Nvidia-settings does not set PowerMizerMode value properly

Hello, I have a 1070 GTX graphics card which I am trying to set up for cryptocurrency mining. I have run into an issue where the nvidia-settings utility is not changing the graphics card attributes. This is preventing me from overclocking the card to maximize performance.

I am able to query attributes like GPUPowerMizerMode, but upon assigning a value and querying again, the value is unchanged.

$ nvidia-settings -q [gpu:0]/GPUPowerMizerMode
Attribute 'GPUPowerMizerMode' (crypt0:0[gpu:0]): 2.
Valid values for 'GPUPowerMizerMode' are: 0, 1 and 2.
'GPUPowerMizerMode' can use the following target types: GPU.

$ nvidia-settings -a "[gpu:0]/GPUPowerMizerMode=1"
Attribute 'GPUPowerMizerMode' (crypt0:0[gpu:0]) assigned value 1.

$ nvidia-settings -q [gpu:0]/GPUPowerMizerMode
Attribute 'GPUPowerMizerMode' (crypt0:0[gpu:0]): 2.
Valid values for 'GPUPowerMizerMode' are: 0, 1 and 2.
'GPUPowerMizerMode' can use the following target types: GPU.

When I try to assign a GPU clock offset it seems to work

$ nvidia-settings -a [gpu:0]/GPUGraphicsClockOffsetAllPerformanceLevels=200
Attribute 'GPUGraphicsClockOffsetAllPerformanceLevels' (crypt0:0[gpu:0]) assigned value 200.

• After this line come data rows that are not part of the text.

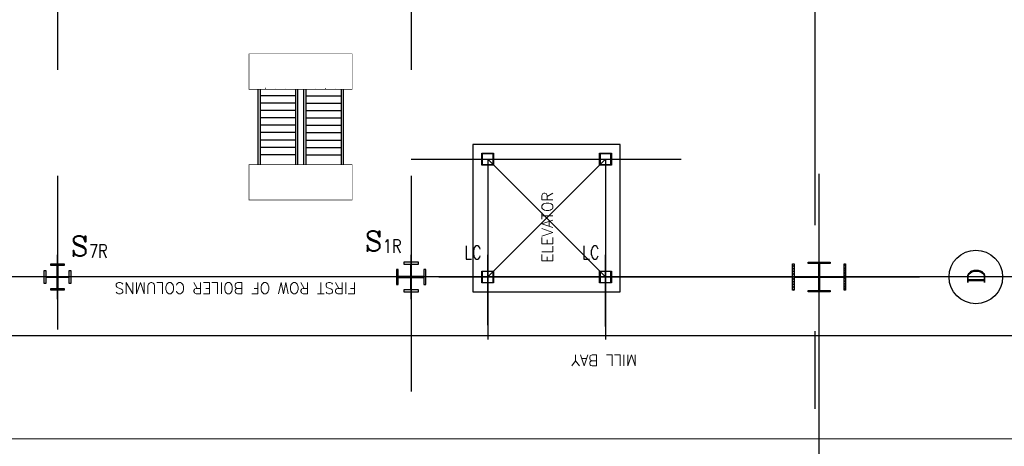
# Model space of a CAD drawing. Header units: inches. Extents: x 0 to 1544102, y -303681 to 23144100.
# Tile 25 of 256: x 37299 to 41477, y -138054 to -136243. Entities that reach past the tile are written whole.
import ezdxf
from ezdxf.enums import TextEntityAlignment as Align

# ---------------------------------------------------------------- set-up
doc = ezdxf.new("R2010")
doc.units = ezdxf.units.IN
doc.header["$LTSCALE"] = 1800
doc.header["$MEASUREMENT"] = 0
doc.linetypes.add('CENTER', pattern=[2, 1.25, -0.25, 0.25, -0.25])
doc.layers.get('0').update_dxf_attribs({"color": 253, "lineweight": 9})
for name, color, linetype in [('1_01_GRATE_RAIL_TIER1', 7, 'Continuous'), ('1_01_STEEL_TIER1', 7, 'Continuous'), ('CEN', 2, 'CENTER'), ('CENTER', 10, 'CENTER'), ('COL', 1, 'Continuous'), ('DCEN', 3, 'CENTER'), ('DIMTEXT', 132, 'Continuous'), ('DIMTEXT-CL', 132, 'CENTER'), ('GRID', 251, 'CENTER'), ('Road', 3, 'Continuous'), ('STEEL-COLUMNS-CL', 252, 'CENTER'), ('TEXT', 3, 'Continuous')]:
    doc.layers.add(name, color=color, linetype=linetype)
doc.layers.add('CL', color=8, linetype='CENTER', lineweight=15)
doc.styles.add('C4', font='COMPLEX', dxfattribs={"width": 0.75, "height": 625})
doc.styles.add('COMPLEX', font='complex')
doc.styles.add('S3', font='simplex.shx', dxfattribs={"width": 0.75, "height": 320})
doc.styles.add('SIMPLEX', font='SIMPLEX.SHX')
doc.styles.add('Squish', font='simplex.shx', dxfattribs={"width": 0.8})

# ---------------------------------------------------------------- blocks, each defined once
blk = doc.blocks.new('A$C73C87871')
h = blk.add_hatch()
h.set_pattern_fill('ANSI31', color=8, scale=500, style=0)
h.set_pattern_definition([(45, (88221.37, 16000), (-44.194174, 44.194174), [])])
h.paths.add_polyline_path([(0, 900), (-450, 900), (-450, 850), (0, 850)])
h.paths.add_polyline_path([(450, 900), (0, 900), (0, 850), (16, 850), (450, 850)])
h.paths.add_polyline_path([(16, 850), (0, 850), (0, 0), (16, 0), (16, 12.5)])
h.paths.add_polyline_path([(0, 850), (-16, 850), (-16, 0), (0, 0)])
h.paths.add_polyline_path([(16, 0), (0, 0), (0, -850), (16, -850)])
h.paths.add_polyline_path([(0, 0), (-16, 0), (-16, -12.5), (-16, -850), (0, -850)])
h.paths.add_polyline_path([(416, 0), (16, 0), (16, -12.5), (416, -12.5)])
h.paths.add_polyline_path([(416, 12.5), (16, 12.5), (16, 0), (416, 0)])
h.paths.add_polyline_path([(-16, 0), (-416, 0), (-416, -12.5), (-16, -12.5)])
h.paths.add_polyline_path([(-16, 12.5), (-416, 12.5), (-416, 0), (-16, 0)])
h.paths.add_polyline_path([(450, -850), (0, -850), (0, -900), (450, -900)])
h.paths.add_polyline_path([(0, -850), (-16, -850), (-450, -850), (-450, -900), (0, -900)])
at = {"color": 8}
blk.add_line((0, -900), (0, 900), dxfattribs=at)
at = {"layer": 'CEN', "color": 8}
for p, q in [((0, -900), (0, 900)), ((-416, 0), (416, 0))]:
    blk.add_line(p, q, dxfattribs=at)
at = {"layer": 'COL', "color": 8}
for points in [[(-450, 900), (450, 900), (450, 850), (-450, 850)], [(-16, 850), (16, 850), (16, -850), (-16, -850)], [(-16, -12.5), (-416, -12.5), (-416, 12.5), (-16, 12.5)], [(16, -12.5), (416, -12.5), (416, 12.5), (16, 12.5)], [(-450, -850), (450, -850), (450, -900), (-450, -900)]]:
    blk.add_lwpolyline(points, close=True, dxfattribs=at)

msp = doc.modelspace()

# ---------------------------------------------------------------- hatches: boundary and pattern name
at = {"layer": 'COL'}
h = msp.add_hatch(dxfattribs=at)
h.set_pattern_fill('ANSI31', color=8, scale=25, angle=180, style=0)
h.set_pattern_definition([(225, (-29309.5007, -151734.3734), (2.20970869, -2.20970869), [])])
h.paths.add_polyline_path([(40737.33, -137272.43), (40691.08, -137272.43), (40691.08, -137277.43), (40692.83, -137277.43), (40737.33, -137277.43)])
h.paths.add_polyline_path([(40691.08, -137272.43), (40644.83, -137272.43), (40644.83, -137277.43), (40691.08, -137277.43)])
h.paths.add_polyline_path([(40692.83, -137277.43), (40691.08, -137277.43), (40691.08, -137334.93), (40692.83, -137334.93)])
h.paths.add_polyline_path([(40691.08, -137277.43), (40689.33, -137277.43), (40689.33, -137334.93), (40691.08, -137334.93)])
h.paths.add_polyline_path([(40692.83, -137334.93), (40691.08, -137334.93), (40691.08, -137392.43), (40692.83, -137392.43)])
h.paths.add_polyline_path([(40691.08, -137334.93), (40689.33, -137334.93), (40689.33, -137392.43), (40691.08, -137392.43)])
h.paths.add_polyline_path([(40737.33, -137392.43), (40691.08, -137392.43), (40691.08, -137397.43), (40737.33, -137397.43)])
h.paths.add_polyline_path([(40691.08, -137392.43), (40689.33, -137392.43), (40644.83, -137392.43), (40644.83, -137397.43), (40691.08, -137397.43)])

# ---------------------------------------------------------------- linework, layer by layer
at = {"layer": '1_01_GRATE_RAIL_TIER1', "color": 8}
for p, q in [((38309.84, -136538.06), (38309.84, -136858.06)), ((38319.21, -136538.06), (38319.21, -136858.06)), ((38342.89, -136534.93), (38342.5, -136534.93)), ((38384.99, -136534.93), (38384.6, -136534.93)), ((38427.08, -136534.93), (38426.69, -136534.93)), ((38469.21, -136538.06), (38469.21, -136858.06)), ((38478.59, -136538.06), (38478.59, -136858.06)), ((38503.59, -136538.06), (38503.59, -136858.06)), ((38512.96, -136538.06), (38512.96, -136858.06)), ((38555.09, -136534.93), (38555.48, -136534.93)), ((38597.18, -136534.93), (38597.57, -136534.93)), ((38639.28, -136534.93), (38639.67, -136534.93)), ((38662.96, -136538.06), (38662.96, -136858.06)), ((38672.34, -136538.06), (38672.34, -136858.06)), ((38469.21, -136566.18), (38319.21, -136566.18)), ((38469.21, -136597.43), (38319.21, -136597.43)), ((38512.96, -136566.18), (38662.96, -136566.18)), ((38512.96, -136597.43), (38662.96, -136597.43)), ((38469.21, -136628.68), (38319.21, -136628.68)), ((38512.96, -136628.68), (38662.96, -136628.68)), ((38469.21, -136659.93), (38319.21, -136659.93)), ((38512.96, -136659.93), (38662.96, -136659.93)), ((38469.21, -136691.18), (38319.21, -136691.18)), ((38469.21, -136722.43), (38319.21, -136722.43)), ((38512.96, -136691.18), (38662.96, -136691.18)), ((38512.96, -136722.43), (38662.96, -136722.43)), ((38469.21, -136753.68), (38319.21, -136753.68)), ((38512.96, -136753.68), (38662.96, -136753.68)), ((38469.21, -136784.93), (38319.21, -136784.93)), ((38512.96, -136784.93), (38662.96, -136784.93)), ((38469.21, -136816.18), (38319.21, -136816.18)), ((38512.96, -136816.18), (38662.96, -136816.18))]:
    msp.add_line(p, q, dxfattribs=at)
at = {"layer": '1_01_STEEL_TIER1', "color": 8}
for p, q in [((39259.83, -137309.93), (39309.83, -137309.93)), ((39259.83, -137359.93), (39259.83, -137309.93)), ((39307.83, -137311.93), (39261.83, -137311.93)), ((39261.83, -137311.93), (39261.83, -137357.93)), ((39307.83, -137357.93), (39307.83, -137311.93)), ((39309.83, -137309.93), (39309.83, -137359.93)), ((39759.83, -137309.93), (39809.83, -137309.93)), ((39759.83, -137359.93), (39759.83, -137309.93)), ((39807.83, -137311.93), (39761.83, -137311.93)), ((39761.83, -137311.93), (39761.83, -137357.93)), ((39807.83, -137357.93), (39807.83, -137311.93)), ((39809.83, -137309.93), (39809.83, -137359.93)), ((39309.83, -137359.93), (39259.83, -137359.93)), ((39261.83, -137357.93), (39307.83, -137357.93)), ((39809.83, -137359.93), (39759.83, -137359.93)), ((39761.83, -137357.93), (39807.83, -137357.93))]:
    msp.add_line(p, q, dxfattribs=at)
for points in [[(39022.33, -137366.23), (39022.33, -137303.73), (39014.45, -137303.73), (39014.45, -137332.98), (38961.83, -137332.98), (38961.83, -137280.36), (38991.08, -137280.36), (38991.08, -137272.48), (38928.58, -137272.48), (38928.58, -137280.36), (38957.83, -137280.36), (38957.83, -137332.98), (38905.2, -137332.98), (38905.2, -137303.73), (38897.33, -137303.73), (38897.33, -137366.23), (38905.2, -137366.23), (38905.2, -137336.98), (38957.83, -137336.98), (38957.83, -137389.61), (38928.58, -137389.61), (38928.58, -137397.48), (38991.08, -137397.48), (38991.08, -137389.61), (38961.83, -137389.61), (38961.83, -137336.98), (39014.45, -137336.98), (39014.45, -137366.23), (39022.33, -137366.23)], [(39022.33, -137366.23), (39022.33, -137303.73), (39014.45, -137303.73), (39014.45, -137332.98), (38961.83, -137332.98), (38961.83, -137280.35), (38991.08, -137280.35), (38991.08, -137272.48), (38928.58, -137272.48), (38928.58, -137280.35), (38957.83, -137280.35), (38957.83, -137332.98), (38905.2, -137332.98), (38905.2, -137303.73), (38897.33, -137303.73), (38897.33, -137366.23), (38905.2, -137366.23), (38905.2, -137336.98), (38957.83, -137336.98), (38957.83, -137389.6), (38928.58, -137389.6), (38928.58, -137397.48), (38991.08, -137397.48), (38991.08, -137389.6), (38961.83, -137389.6), (38961.83, -137336.98), (39014.45, -137336.98), (39014.45, -137366.23), (39022.33, -137366.23)]]:
    msp.add_lwpolyline(points, dxfattribs=at)
msp.add_lwpolyline([(37431.7, -137384.19), (37458.27, -137384.19), (37458.27, -137336.5), (37410.58, -137336.5), (37410.58, -137363.06), (37403.58, -137363.06), (37403.58, -137306.81), (37410.58, -137306.81), (37410.58, -137333.37), (37458.27, -137333.37), (37458.27, -137285.69), (37431.7, -137285.69), (37431.7, -137278.69), (37487.95, -137278.69), (37487.95, -137285.69), (37461.39, -137285.69), (37461.39, -137333.37), (37509.08, -137333.37), (37509.08, -137306.81), (37516.08, -137306.81), (37516.08, -137363.06), (37509.08, -137363.06), (37509.08, -137336.5), (37461.39, -137336.5), (37461.39, -137384.19), (37487.95, -137384.19), (37487.95, -137391.19), (37431.7, -137391.19)], close=True, dxfattribs=at)
msp.add_lwpolyline([(37431.7, -137384.19), (37458.27, -137384.19), (37458.27, -137336.5), (37410.58, -137336.5), (37410.58, -137363.06), (37403.58, -137363.06), (37403.58, -137306.81), (37410.58, -137306.81), (37410.58, -137333.37), (37458.27, -137333.37), (37458.27, -137285.69), (37431.7, -137285.69), (37431.7, -137278.69), (37487.95, -137278.69), (37487.95, -137285.69), (37461.39, -137285.69), (37461.39, -137333.37), (37509.08, -137333.37), (37509.08, -137306.81), (37516.08, -137306.81), (37516.08, -137363.06), (37509.08, -137363.06), (37509.08, -137336.5), (37461.39, -137336.5), (37461.39, -137384.19), (37487.95, -137384.19), (37487.95, -137391.19), (37431.7, -137391.19)], close=True, dxfattribs=at)
at = {"layer": 'CEN', "color": 8}
for p, q in [((37459.83, -137428.68), (37459.83, -137241.18)), ((38959.83, -137428.68), (38959.83, -137241.18)), ((39284.83, -137539.15), (39284.83, -137241.18)), ((39784.83, -137545.86), (39784.83, -137241.18)), ((40691.08, -137272.43), (40691.08, -137397.43)), ((40715.02, -137334.93), (40667.13, -137334.93))]:
    msp.add_line(p, q, dxfattribs=at)
at = {"layer": 'CEN', "color": 8, "linetype": 'CENTER', "ltscale": 10}
msp.add_line((56422.41, -137334.94), (24413.08, -137334.94), dxfattribs=at)
at = {"layer": 'CENTER', "color": 8}
for p, q in [((39284.83, -137334.94), (39784.83, -136834.94)), ((39284.83, -136834.94), (39784.83, -137334.94))]:
    msp.add_line(p, q, dxfattribs=at)
at = {"layer": 'CL', "color": 8, "ltscale": 100}
msp.add_line((63534.99, -138022.43), (17066.08, -138022.43), dxfattribs=at)
at = {"layer": 'COL', "color": 8}
for points in [[(40644.83, -137272.43), (40737.33, -137272.43), (40737.33, -137277.43), (40644.83, -137277.43)], [(40689.33, -137277.43), (40692.83, -137277.43), (40692.83, -137392.43), (40689.33, -137392.43)], [(40644.83, -137392.43), (40737.33, -137392.43), (40737.33, -137397.43), (40644.83, -137397.43)]]:
    msp.add_lwpolyline(points, close=True, dxfattribs=at)
at = {"layer": 'DCEN', "color": 8, "linetype": 'Continuous', "const_width": 2.5}
for points in [[(38709.84, -136538.06), (38709.84, -136388.06), (38272.38, -136388.06), (38272.34, -136538.06)], [(38709.84, -137008.06), (38709.84, -136858.06), (38272.38, -136858.06), (38272.34, -137008.06)]]:
    msp.add_lwpolyline(points, close=True, dxfattribs=at)
at = {"layer": 'DIMTEXT', "color": 8}
msp.add_circle((41355.96, -137334.94), 113.68, dxfattribs=at)
at = {"layer": 'DIMTEXT-CL', "color": 8}
for p, q in [((40672.33, -134865.56), (40672.33, -137894.98)), ((37459.83, -137334.94), (37459.83, -137557.44)), ((37459.83, -137334.94), (37459.83, -137557.44)), ((38959.83, -137334.94), (38959.83, -137820.35)), ((39077.02, -137334.94), (41117.29, -137334.94))]:
    msp.add_line(p, q, dxfattribs=at)
at = {"layer": 'GRID', "color": 8}
for p, q in [((40691.08, -145478.63), (40691.08, -136897.43)), ((41228.58, -137334.93), (24341.08, -137334.93)), ((56541.08, -137334.93), (39653.58, -137334.93))]:
    msp.add_line(p, q, dxfattribs=at)
at = {"layer": 'Road', "color": 8}
msp.add_line((62066.08, -137584.93), (18535.19, -137584.93), dxfattribs=at)
at = {"layer": 'STEEL-COLUMNS-CL', "color": 8}
for p, q in [((37459.83, -134205.33), (37459.83, -137557.44)), ((38959.83, -134205.33), (38959.83, -137470.84)), ((39259.83, -136809.94), (39309.83, -136809.94)), ((39259.83, -136859.94), (39259.83, -136809.94)), ((39307.83, -136811.94), (39261.83, -136811.94)), ((39261.83, -136811.94), (39261.83, -136857.94)), ((39307.83, -136857.94), (39307.83, -136811.94)), ((39309.83, -136809.94), (39309.83, -136859.94)), ((39759.83, -136809.94), (39809.83, -136809.94)), ((39759.83, -136859.94), (39759.83, -136809.94)), ((39807.83, -136811.94), (39761.83, -136811.94)), ((39761.83, -136811.94), (39761.83, -136857.94)), ((39807.83, -136857.94), (39807.83, -136811.94)), ((39809.83, -136809.94), (39809.83, -136859.94)), ((38959.83, -136834.94), (40105.54, -136834.94)), ((39284.83, -136834.94), (39284.83, -137600.88)), ((39784.83, -136834.94), (39784.83, -137600.88)), ((39309.83, -136859.94), (39259.83, -136859.94)), ((39261.83, -136857.94), (39307.83, -136857.94)), ((39809.83, -136859.94), (39759.83, -136859.94)), ((39761.83, -136857.94), (39807.83, -136857.94)), ((39259.83, -137309.93), (39309.83, -137309.93)), ((39259.83, -137359.93), (39259.83, -137309.93)), ((39307.83, -137311.94), (39261.83, -137311.94)), ((39261.83, -137311.94), (39261.83, -137357.93)), ((39307.83, -137357.93), (39307.83, -137311.94)), ((39309.83, -137309.93), (39309.83, -137359.93)), ((39759.83, -137309.93), (39809.83, -137309.93)), ((39759.83, -137359.93), (39759.83, -137309.93)), ((39807.83, -137311.94), (39761.83, -137311.94)), ((39761.83, -137311.94), (39761.83, -137357.93)), ((39807.83, -137357.93), (39807.83, -137311.94)), ((39809.83, -137309.93), (39809.83, -137359.93)), ((39737.21, -137334.94), (31465.45, -137334.93)), ((39309.83, -137359.93), (39259.83, -137359.93)), ((39261.83, -137357.93), (39307.83, -137357.93)), ((39809.83, -137359.93), (39759.83, -137359.93)), ((39761.83, -137357.93), (39807.83, -137357.93))]:
    msp.add_line(p, q, dxfattribs=at)
at = {"layer": 'TEXT', "color": 8}
msp.add_lwpolyline([(39847.33, -137397.44), (39847.33, -136772.44), (39222.33, -136772.44), (39222.33, -137397.44)], close=True, dxfattribs=at)

# ---------------------------------------------------------------- block references
at = {"layer": 'COL', "color": 8, "xscale": 0.125, "yscale": 0.125, "zscale": 0.125, "rotation": 90}
msp.add_blockref('A$C73C87871', (40691.08, -137335.06), dxfattribs=at)

# ---------------------------------------------------------------- texts
at = {"layer": 'DIMTEXT', "color": 8, "style": 'Squish'}
msp.add_text('ELEVATOR', height=46.875, rotation=90, dxfattribs=at).set_placement((39561.43, -137274.25))
at = {"layer": 'DIMTEXT', "color": 8, "style": 'COMPLEX'}
msp.add_text('D', height=70.31, rotation=90, dxfattribs=at).set_placement((41357.72, -137331.93), align=Align.MIDDLE_CENTER)
at = {"layer": 'DIMTEXT', "color": 8, "char_height": 46.875, "rotation": 180}
for s, insert, width, attachment_point, style in [('{\\W1;FIRST ROW OF BOILER COLUMNS}', (38727.43, -137358.97), 1247.9028, 7, 'Squish'), ('MILL BAY', (39919.01, -137712.74), 504.8813, 1, 'SIMPLEX')]:
    msp.add_mtext(s, dxfattribs=dict(at, insert=insert, width=width, attachment_point=attachment_point, style=style))
at = {"layer": 'TEXT', "color": 8, "style": 'C4', "text_generation_flag": 6}
for p in [(38763.69, -137225.35), (37516.99, -137246.78)]:
    msp.add_text('S', height=84.38, rotation=180, dxfattribs=at).set_placement(p)
at = {"layer": 'TEXT', "color": 8, "style": 'S3', "width": 0.8}
for s, p in [('1R', (38840.19, -137231.91)), ('7R', (37593.49, -137253.34)), ('LC', (39185.73, -137259.33)), ('LC', (39685.73, -137259.33))]:
    msp.add_text(s, height=56.25, dxfattribs=at).set_placement(p)

doc.saveas('drawing.dxf')

$ nvidia-settings -q [gpu:0]/GPUGraphicsClockOffsetAllPerformanceLevels
Attribute 'GPUGraphicsClockOffsetAllPerformanceLevels' (crypt0:0[gpu:0]): 200.
The valid values for 'GPUGraphicsClockOffsetAllPerformanceLevels' are in the range -200 - 1200 (inclusive).
'GPUGraphicsClockOffsetAllPerformanceLevels' can use the following target types: X Screen, GPU.

And the clock speeds as reported by nvidia-smi -q -d CLOCK update appropriately.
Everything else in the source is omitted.